The timing of the deal is interesting in that Liberty Global might have secured Virgin Media for a much lower price earlier in the year. Virgin Media’s share price has almost doubled in the last eight months on the back of the success of its TiVo strategy and also in gaining high-speed broadband subscribers. But, Virgin Media would not have sold at that price.

One aspect of the UK market over which Liberty Global may have miscalculated, according to Peter White, senior analyst and founder of UK based Rethink Research, is that the UK regulatory situation is now more favorable for rival BSkyB. As White pointed out, the UK competition authorities were on the verge in 2011 of restricting the number of exclusive movie contracts Sky could hold, until Netflix entered the UK market.
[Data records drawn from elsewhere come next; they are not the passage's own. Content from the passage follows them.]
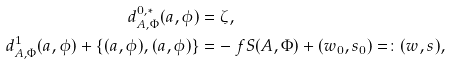<formula> <loc_0><loc_0><loc_500><loc_500>d _ { A , \Phi } ^ { 0 , * } ( a , \phi ) & = \zeta , \\ d _ { A , \Phi } ^ { 1 } ( a , \phi ) + \{ ( a , \phi ) , ( a , \phi ) \} & = - \ f S ( A , \Phi ) + ( w _ { 0 } , s _ { 0 } ) = \colon ( w , s ) ,</formula> 
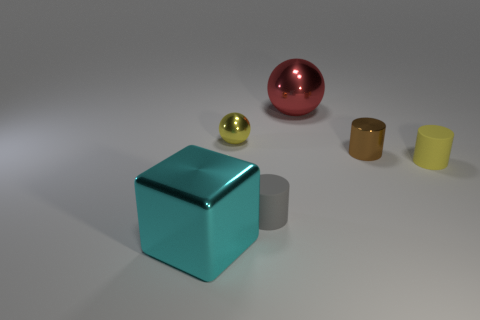Can you infer anything about the size of these objects? While there's no direct reference point for scale, the soft shadows and relative proportions of the objects suggest they are likely small, perhaps sized to fit comfortably within a human hand. Their diminutive size adds an element of delicacy to the scene and underscores their ornamental or illustrative nature. Based on that, where might you find these objects in a real-world setting? Given their size and aesthetic appeal, these objects could be decorative elements placed on a shelf, desk, or within a display cabinet. They might also serve as props in a still life composition for an artist or photographer, or be part of an educational toolkit for geometry lessons. 
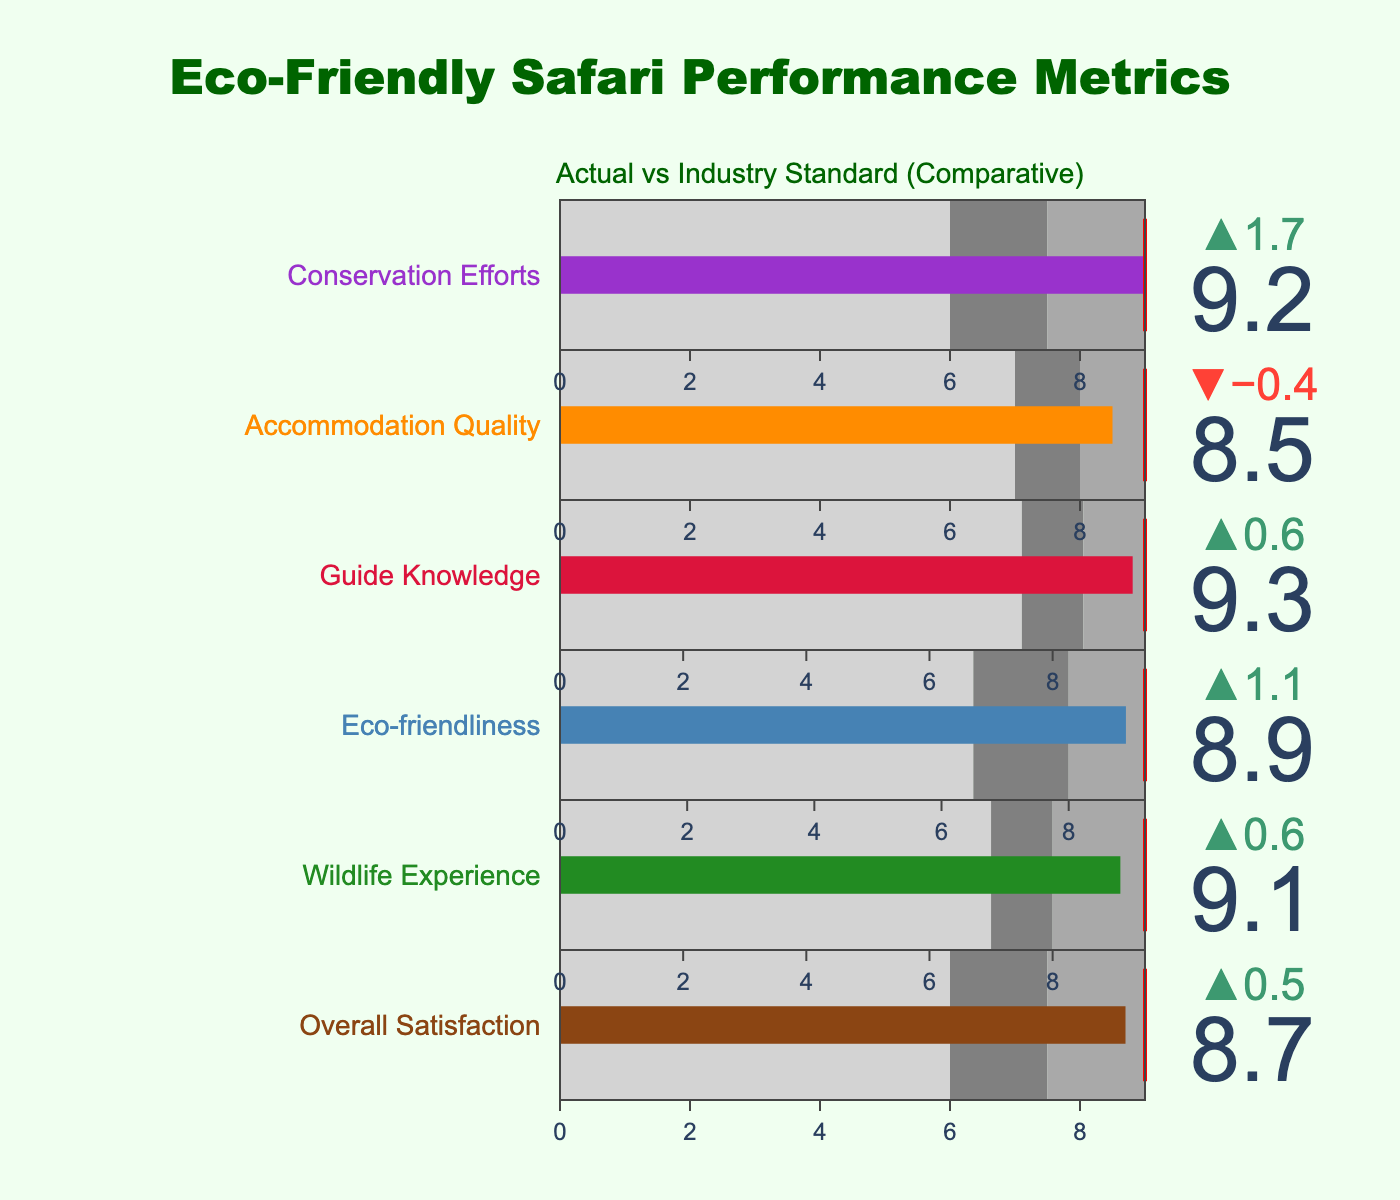What's the title of the figure? The title is prominently placed at the top of the figure and is written in a large, green font. It reads "Eco-Friendly Safari Performance Metrics."
Answer: Eco-Friendly Safari Performance Metrics What is the Actual customer satisfaction rating for Accommodation Quality? The Actual rating for Accommodation Quality is the bar value in the corresponding bullet chart. It's shown as 8.5.
Answer: 8.5 Which category has the highest Actual customer satisfaction rating? By comparing the Actual values in the bullet charts, we observe that Guide Knowledge has the highest Actual value at 9.3.
Answer: Guide Knowledge How does the Comparative rating for Wildlife Experience compare to the Actual rating? The Comparative rating for Wildlife Experience is 8.5 while the Actual rating is 9.1. The Actual rating is higher by 0.6.
Answer: Higher by 0.6 What's the difference between the Target and Comparative ratings for Eco-friendliness? The Target rating for Eco-friendliness is 9.2, and the Comparative rating is 7.8. Their difference is 9.2 - 7.8 = 1.4.
Answer: 1.4 For which category is the Actual rating below the Target rating? For each bullet chart, compare the Actual value to the Target value. Accommodation Quality has an Actual rating of 8.5, which is below the Target rating of 9.0.
Answer: Accommodation Quality Which category has the largest gap between Actual and Comparative ratings, and what is the value? By calculating the differences for each category, the largest gap is found in Conservation Efforts. The Actual rating is 9.2 and the Comparative rating is 7.5. The gap is 9.2 - 7.5 = 1.7.
Answer: Conservation Efforts, 1.7 Are there any categories where the Actual rating meets or exceeds the Target rating? By comparing the Actual ratings to the Target values in all bullet charts, we see that all categories except Accommodation Quality meet or exceed their respective Target ratings.
Answer: Yes What can be said about the industry standard (Comparative rating) for Accommodation Quality? The Comparative rating for Accommodation Quality is 8.9, which is higher than the Actual rating of 8.5, indicating that industry standards are higher than the company's performance in this category.
Answer: Higher than company's performance What is indicated by the red lines in the bullet charts? The red line represents the target value for each category, showing the benchmark or goal the company aims for in each performance metric.
Answer: Target values

This led the Competition Commission, in defiance of communications regulator Ofcom, to insist that Sky was no longer dominant in movie exclusives.

Previously, the authority had forced Sky, as a content owner that had been leveraging its rights to gain pay TV customers, to reduce its wholesale rates for its programming. As the main beneficiary of this move, Virgin Media leapt towards profitability as a result but still continued to criticize Sky in the hope that this would lead the competition authority to enforce further concessions. But now the entry of Netflix seems to have done Sky a favor by taking away the spotlight, and Virgin can no longer count on any further concessions. As White said, a more competitive TV market is a less regulated one.”